The ensuing description provides preferred exemplary embodiment(s) only, and is not intended to limit the scope, applicability or configuration of the invention. Rather, the ensuing description of the preferred exemplary embodiment(s) will provide those skilled in the art with an enabling description for implementing a preferred exemplary embodiment of the invention, it being understood that various changes may be made in the function and arrangement of elements without departing from the scope of the invention.
Specific details are given in the following description to provide a thorough understanding of the embodiments. However, it will be understood by one of ordinary skill in the art that embodiments maybe practiced without these specific details. For example, well-known circuits, processes, algorithms, structures, and techniques may be shown without unnecessary detail in order to avoid obscuring the embodiments.
As disclosed herein, the term “computer readable medium” may represent one or more devices for storing data, including read only memory (ROM), random access memory (RAM), magnetic RAM, core memory, magnetic disk storage mediums, optical storage mediums, flash memory devices and/or other machine readable mediums for storing information. The term “computer-readable medium” includes, but is not limited to portable or fixed storage devices, optical storage devices, wireless channels and various other mediums capable of storing, containing or carrying instruction(s) and/or data.
Furthermore, embodiments may be implemented by hardware, software, firmware, middleware, microcode, hardware description languages, or any combination thereof. When implemented in software, firmware, middleware or microcode, the program code or code segments to perform the necessary tasks may be stored in a machine readable medium such as storage medium.

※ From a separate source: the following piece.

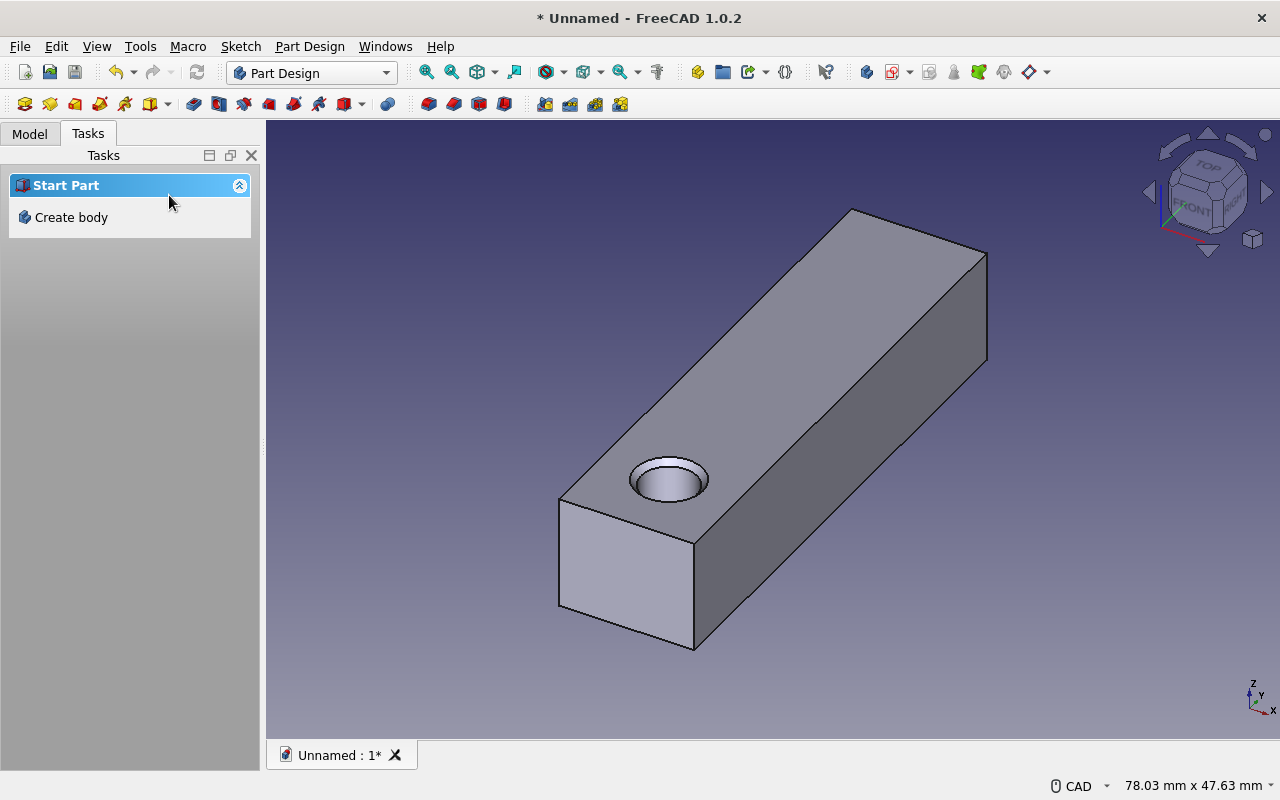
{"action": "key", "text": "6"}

A processor(s) may perform the necessary tasks. A code segment may represent a procedure, a function, a subprogram, a program, a routine, a subroutine, a module, a software package, a class, or any combination of instructions, data structures, or program statements. A code segment may be coupled to another code segment or a hardware circuit by passing and/or receiving information, data, arguments, parameters, or memory contents. Information, arguments, parameters, data, etc. may be passed, forwarded, or transmitted via any suitable means including memory sharing, message passing, token passing, network transmission, etc.
The drilling system 10 may comprise a terminal 104. The terminal 104 may be, for example, a desktop computer, a laptop computer, a mobile cellular telephone, a personal digital assistant (“FDA”), a 4G mobile device, a 3G mobile device, a 2.5G mobile device, a satellite radio receiver and/or the like. The terminal 104 preferably has a processor for processing data received by the terminal 104. The terminal 104 may be located at the surface and/or may be remote relative to a wellsite 100.

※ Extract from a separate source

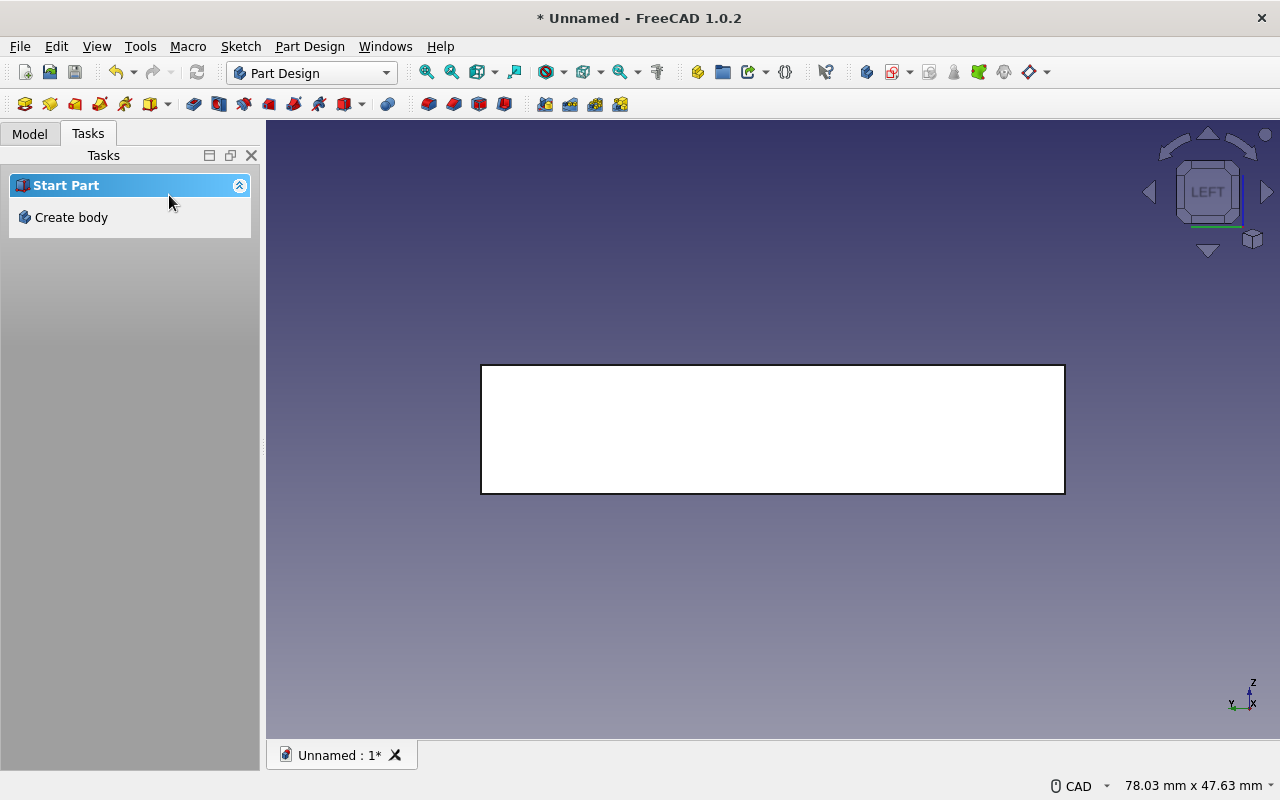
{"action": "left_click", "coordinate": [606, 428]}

In some embodiments, the terminal 104 may be located in the wellbore 106. The present disclosure is not limited to a specific embodiment or a specific location of the terminal 104, and the terminal 104 may be any device that may be used in the system 10. Any number of terminals may be used to implement the system 10, and the present disclosure is not limited to a specific number of terminals.
The drilling system 10 comprises a drillstring 108 suspended within a wellbore 106, and a drill bit 110 may be located at the lower end of the drillstring 108. The drillstring 108 and the walls of the wellbore 106 may form an annulus 107.
The drilling system 10 may comprise a land-based platform and derrick assembly 112 positioned over the wellbore 106. The assembly 112 may comprise a hook 116, and/or a top drive 118, which may be suspended from the hook 116. The top drive 118 may have one or more motors (not shown) and/or may rotate the drill string 108.
The assembly 112 may have drawworks 114 to raise, suspend and/or lower the drill string 108. During drilling, the drawworks 114 may be operated to hold the drill string 108 and to control and/or maintain a selected axial force as weight-on-bit (“WOB”) to the drill bit 110. More specifically, a portion of the weight of the drill string 108 is suspended by the drawworks 114, and an unsuspended portion of the weight of drill string 108 is transferred to the drill bit 110 as the WOB. The drawworks 114 may have an encoder (not shown in the drawings) which may be configured to determine the depths of points along the drill string 108. The terminal 104 may be communicatively connected to the encoder to generate a log of depth of the drill bit 110 as a function of time.
Drilling fluid 120 may be stored in a reservoir 122 formed at the wellsite 100. A pump 134 may deliver the drilling fluid 120 to the interior of the drill string 108 to induce the drilling fluid 120 to flow downward through the drill string 108. A mud motor 111 may use the flow of the drilling fluid 120 to generate electrical power. The drilling fluid 120 may exit the drill string 108 through ports or nozzles (not shown) in the drill bit 110 and then may circulate upward through the annulus 107. Thus, the drilling fluid 120 may lubricate the drill bit 110 and may carry formation cuttings up to the surface as the drilling fluid 120 returns to the reservoir 122 for recirculation.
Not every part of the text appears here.